## Exercise prompt
Without including any pictures, copy each entry below exactly.

[Start of section]

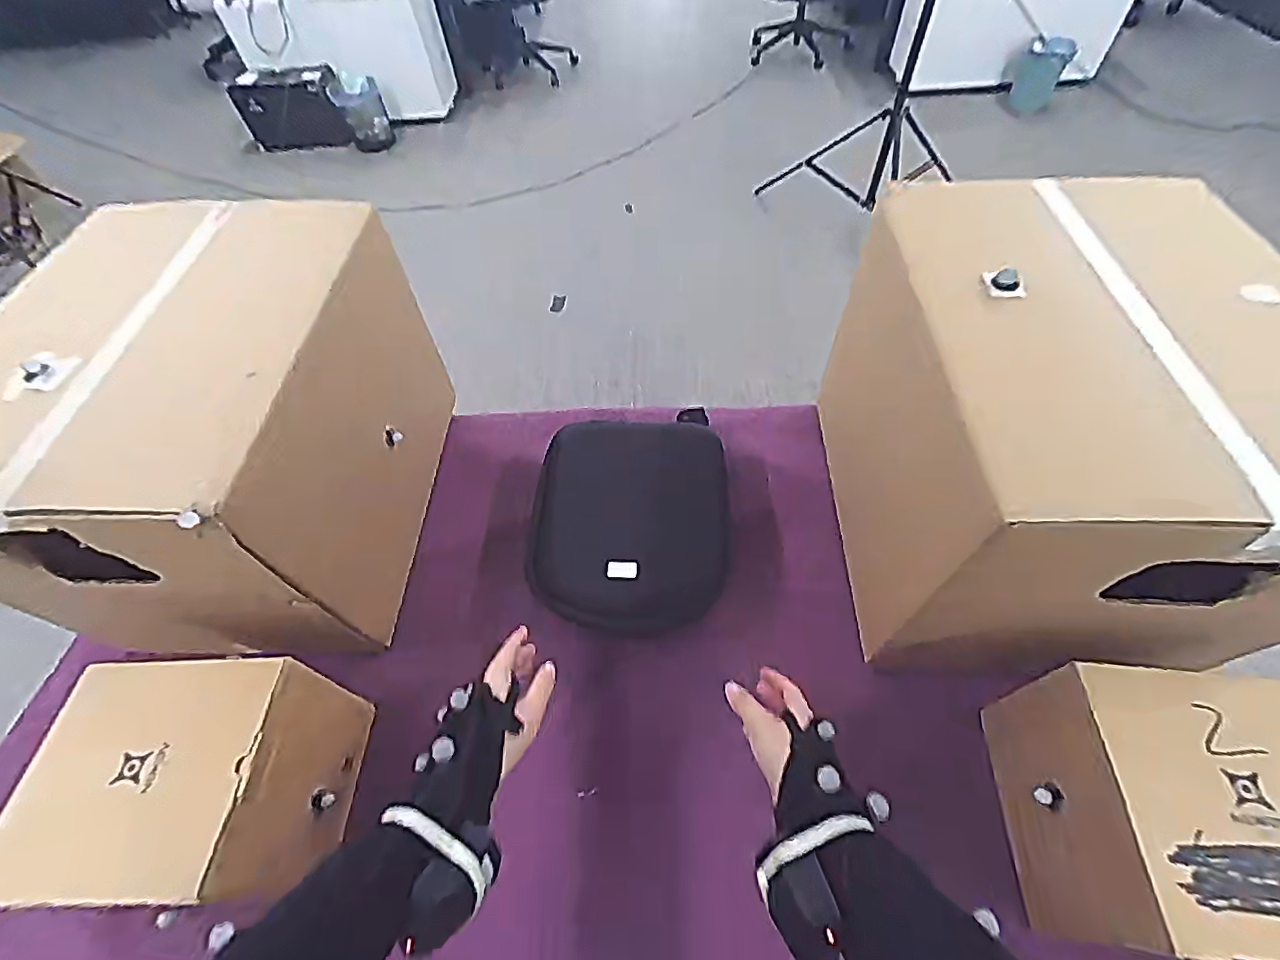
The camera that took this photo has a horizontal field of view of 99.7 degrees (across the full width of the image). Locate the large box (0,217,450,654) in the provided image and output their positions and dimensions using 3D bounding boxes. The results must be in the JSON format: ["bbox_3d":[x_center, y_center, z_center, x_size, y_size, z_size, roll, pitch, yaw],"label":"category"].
[{"bbox_3d":[-0.441,-0.044,0.620,0.320,0.320,0.408,-2,57,1],"label":"large box"}]

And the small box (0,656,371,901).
[{"bbox_3d":[-0.378,0.269,0.480,0.179,0.176,0.168,-3,53,1],"label":"small box"}]
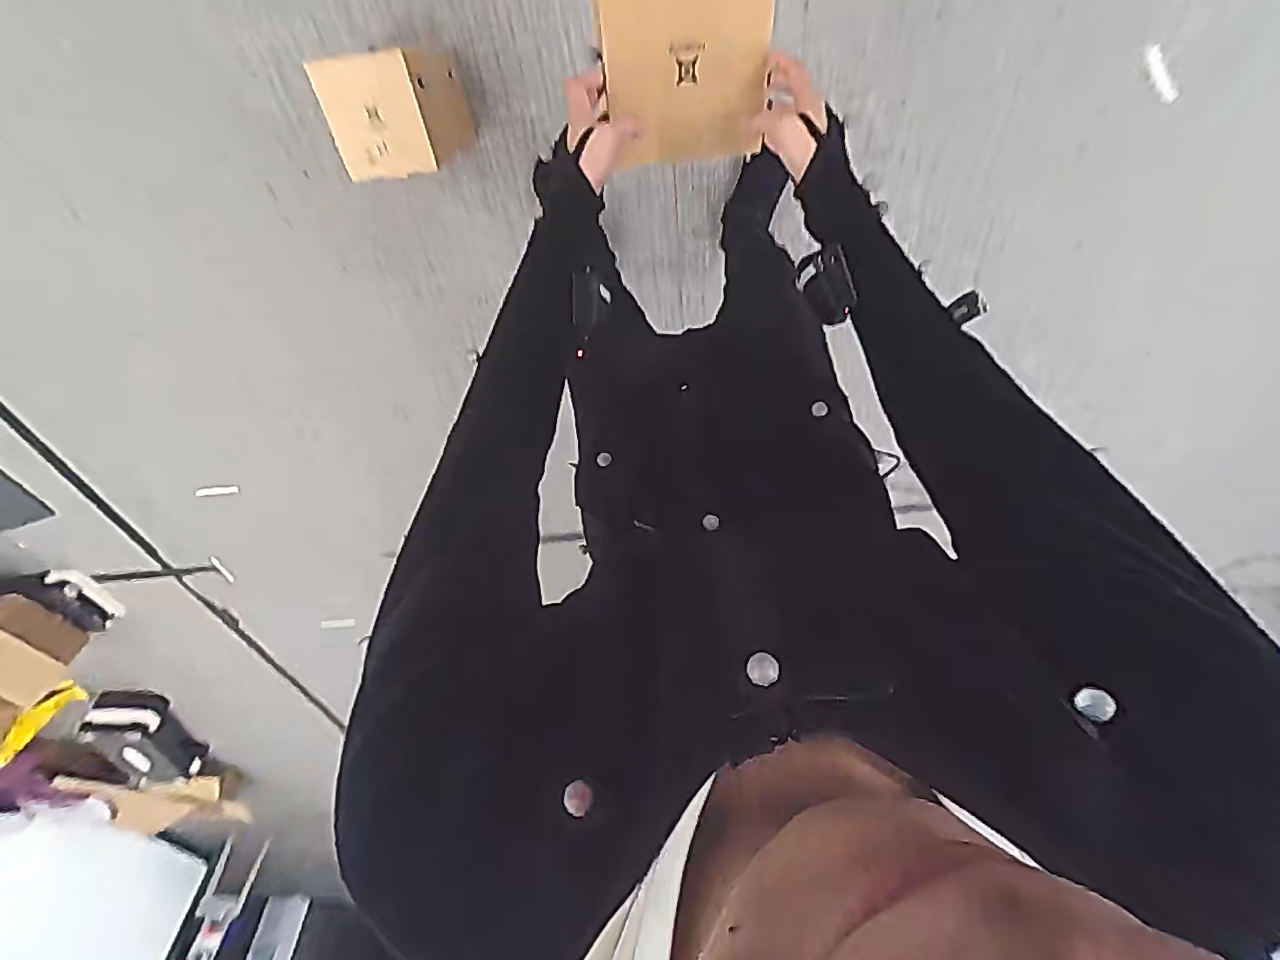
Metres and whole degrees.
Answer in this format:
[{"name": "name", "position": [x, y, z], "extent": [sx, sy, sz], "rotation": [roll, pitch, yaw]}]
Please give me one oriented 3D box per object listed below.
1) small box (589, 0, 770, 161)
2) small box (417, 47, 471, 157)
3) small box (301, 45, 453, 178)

[End of section]

## Answer to this exercise
The camera that took this photo has a horizontal field of view of 99.7 degrees (across the full width of the image). Locate the large box (0,217,450,654) in the provided image and output their positions and dimensions using 3D bounding boxes. The results must be in the JSON format: ["bbox_3d":[x_center, y_center, z_center, x_size, y_size, z_size, roll, pitch, yaw],"label":"category"].
[{"bbox_3d":[-0.441,-0.044,0.620,0.320,0.320,0.408,-2,57,1],"label":"large box"}]

And the small box (0,656,371,901).
[{"bbox_3d":[-0.378,0.269,0.480,0.179,0.176,0.168,-3,53,1],"label":"small box"}]
Metres and whole degrees.
Answer in this format:
[{"name": "name", "position": [x, y, z], "extent": [sx, sy, sz], "rotation": [roll, pitch, yaw]}]
Please give me one oriented 3D box per object listed below.
1) small box (589, 0, 770, 161)
2) small box (417, 47, 471, 157)
3) small box (301, 45, 453, 178)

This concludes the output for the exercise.